Did you plan on making a documentary from the start?

Park:
No, and I don’t think I would have stepped into the role if I knew that I would be doing this for 10 years (laughs). But making the film and putting it out in the world is like closure to me. I had thought about why I couldn’t let go of the footage that I had filmed after everything became normal again. The film title is “Graduation” and in that sense that we are finally putting it all behind us and moving on with our lives.

But I wonder myself if I would have still made the film if the school problem wasn’t solved. Since we were all able to graduate, I could edit the clips and look through them objectively. If it weren’t for everything turning out the way it did, it would have been extremely painful to go through the videos again. It would have been a fight that we had lost, and a lot of us wouldn’t have been able to graduate if Kim continued to govern the school.

If anything else, the footage was a huge help to me and the others who were going through the many lawsuits [brought upon us by Kim]. So that fulfilled its main purpose, which was to protect my friends.



What did you gain from making the film and fighting for justice?

Park
: I think I can speak for everyone who fought for 10 years and say that we matured in a way that was different from the typical student acquiring knowledge in a classroom. After we had gone through everything that we did, we [no longer] judge anyone’s worth by their social status or wealth. Because the other former president was really such a dreadful person, even with all of his wealth and his position. So we learned the hard way that regardless of one’s social background, it’s so much more important to see what the person has to say or how they act.

Moreover, what we should know about private regional universities like Sangji is that there still isn’t a proper structure that provides checks and balances on the power that the board holds over the school. That’s how Kim became president and after he became president, nothing that he did was illegal [on the surface]. He only used the school budget for purposes that were not educational, but there is no evidence that he directly took the money for his own gain.

The students fought because he was ruling over the school like a king, suppressing the students, not providing the right learning environment and dismissing staff members and the professors who were on the students’ side. I know that media outlets often phrase our acts as toppling corruption, but it’s more of the democratization of a private educational institute.

*Although the school finally seems to be back on its feet, it has a long road ahead, as the school was given a D- in the university assessment conducted by the Ministry of Education in 2016 when Kim was the president. Improving that grade is a task for current president Chung Dae-hwa and rest of the school’s staff. Chung was the leader of a group of professors who opposed Kim and supported the students.

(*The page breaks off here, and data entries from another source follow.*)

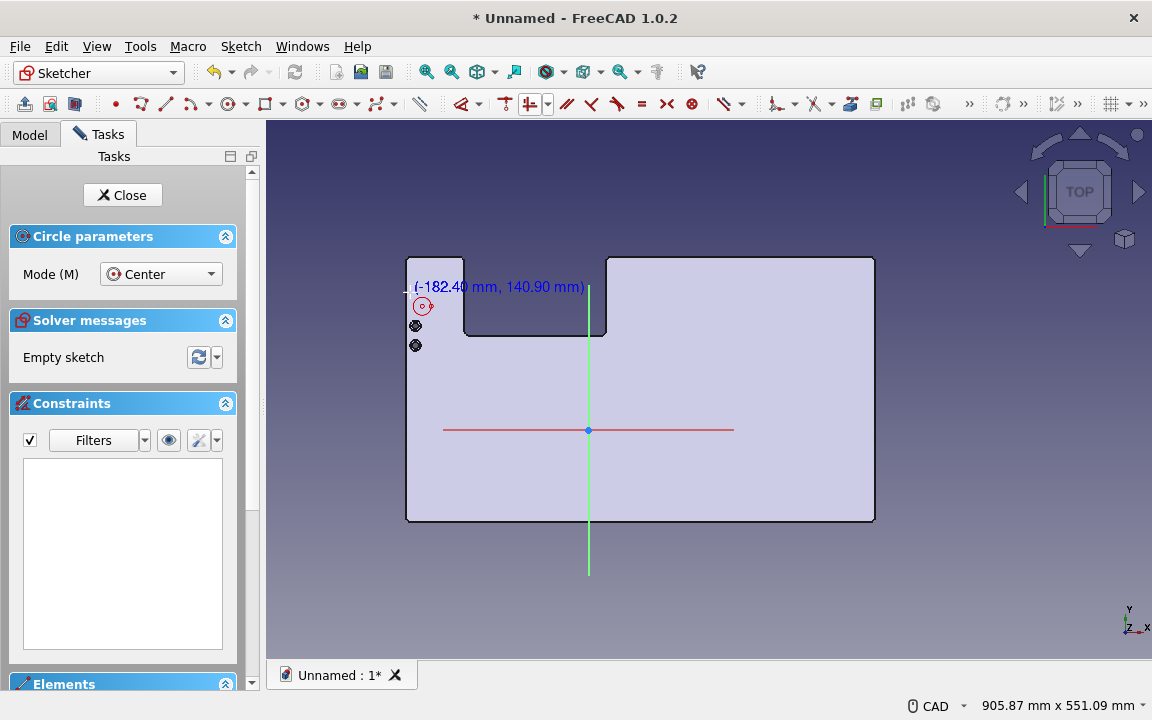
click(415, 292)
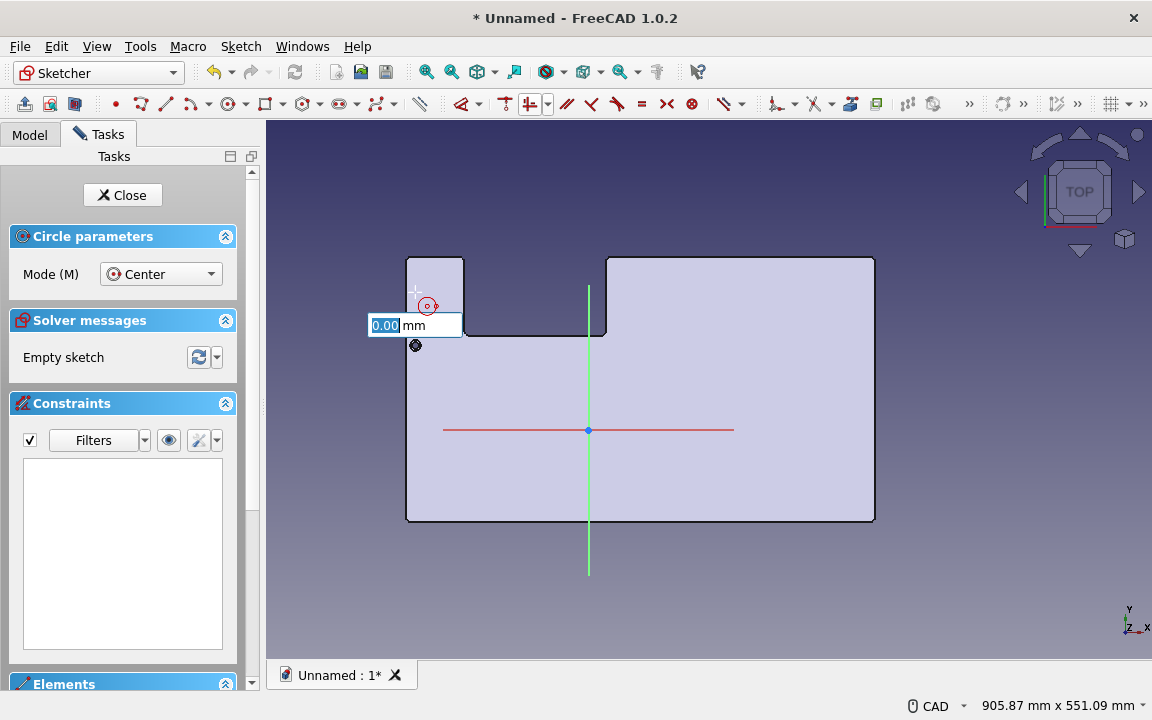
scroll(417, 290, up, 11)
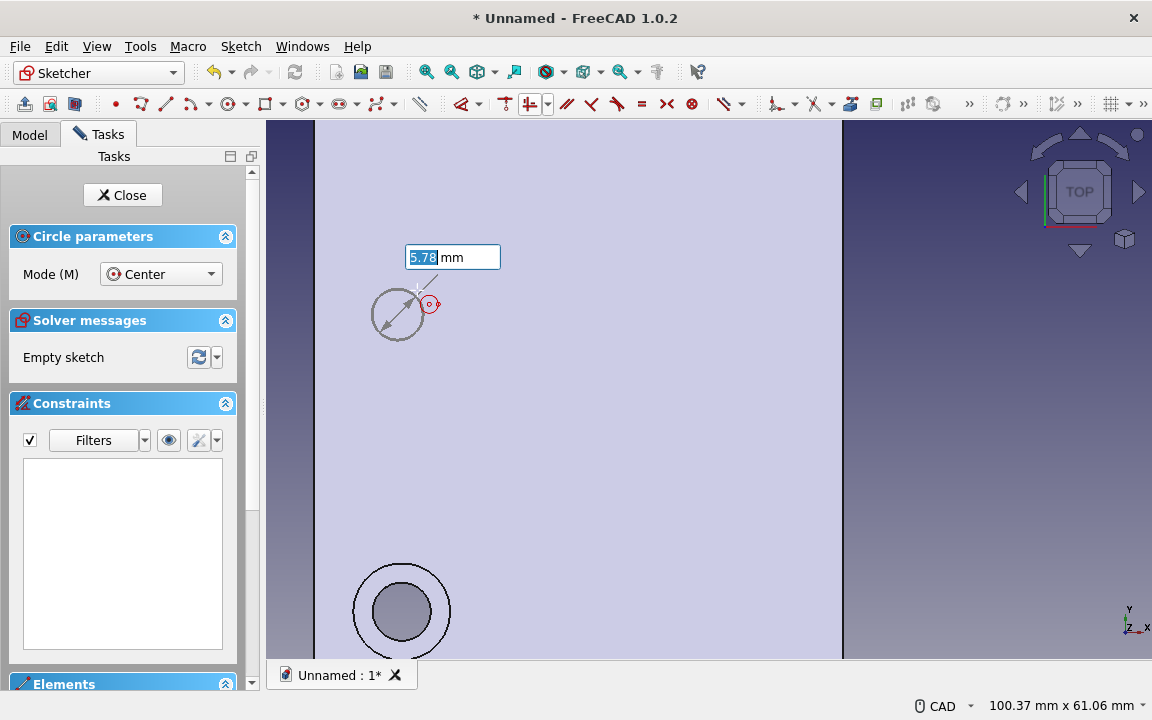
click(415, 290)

Timeline of Kim Moon-gi and Sangji University

1974
Kim Moon-gi becomes chairman of the board and changes the name of Wonju University to Sangji University.

1992-1993
Students stage a sit-in protest that lasts 331 days to punish the chairman Kim Moon-gi for his corruption and to reinstate professors dismissed wrongfully.

March 1993
Kim Moon-gi is arrested under suspicions of allowing illegal admissions and other allegations of corruption. The Ministry of Education dispatches a substitute chairman of board.

August 1994
Kim Moon-gi is released from prison.

2010
The Private School Dispute Resolution Committee selects four of Kim’s aides to be members of the board.

March 2014
Kim Gil-nam, the second son of Kim, becomes the new chairman of the board.

August 2014
Kim Moon-gi becomes the president of Sangji University.

March 2015
The Ministry of Education demands the board dismiss Kim Moon-gi.

July 2015
The board dismisses Kim Moon-gi.

August 2016
The Ministry of Education conducts a special inspection and audit into Sangji University.

December 2018
Professor Chung Dae-hwa becomes the seventh President of Sangji University.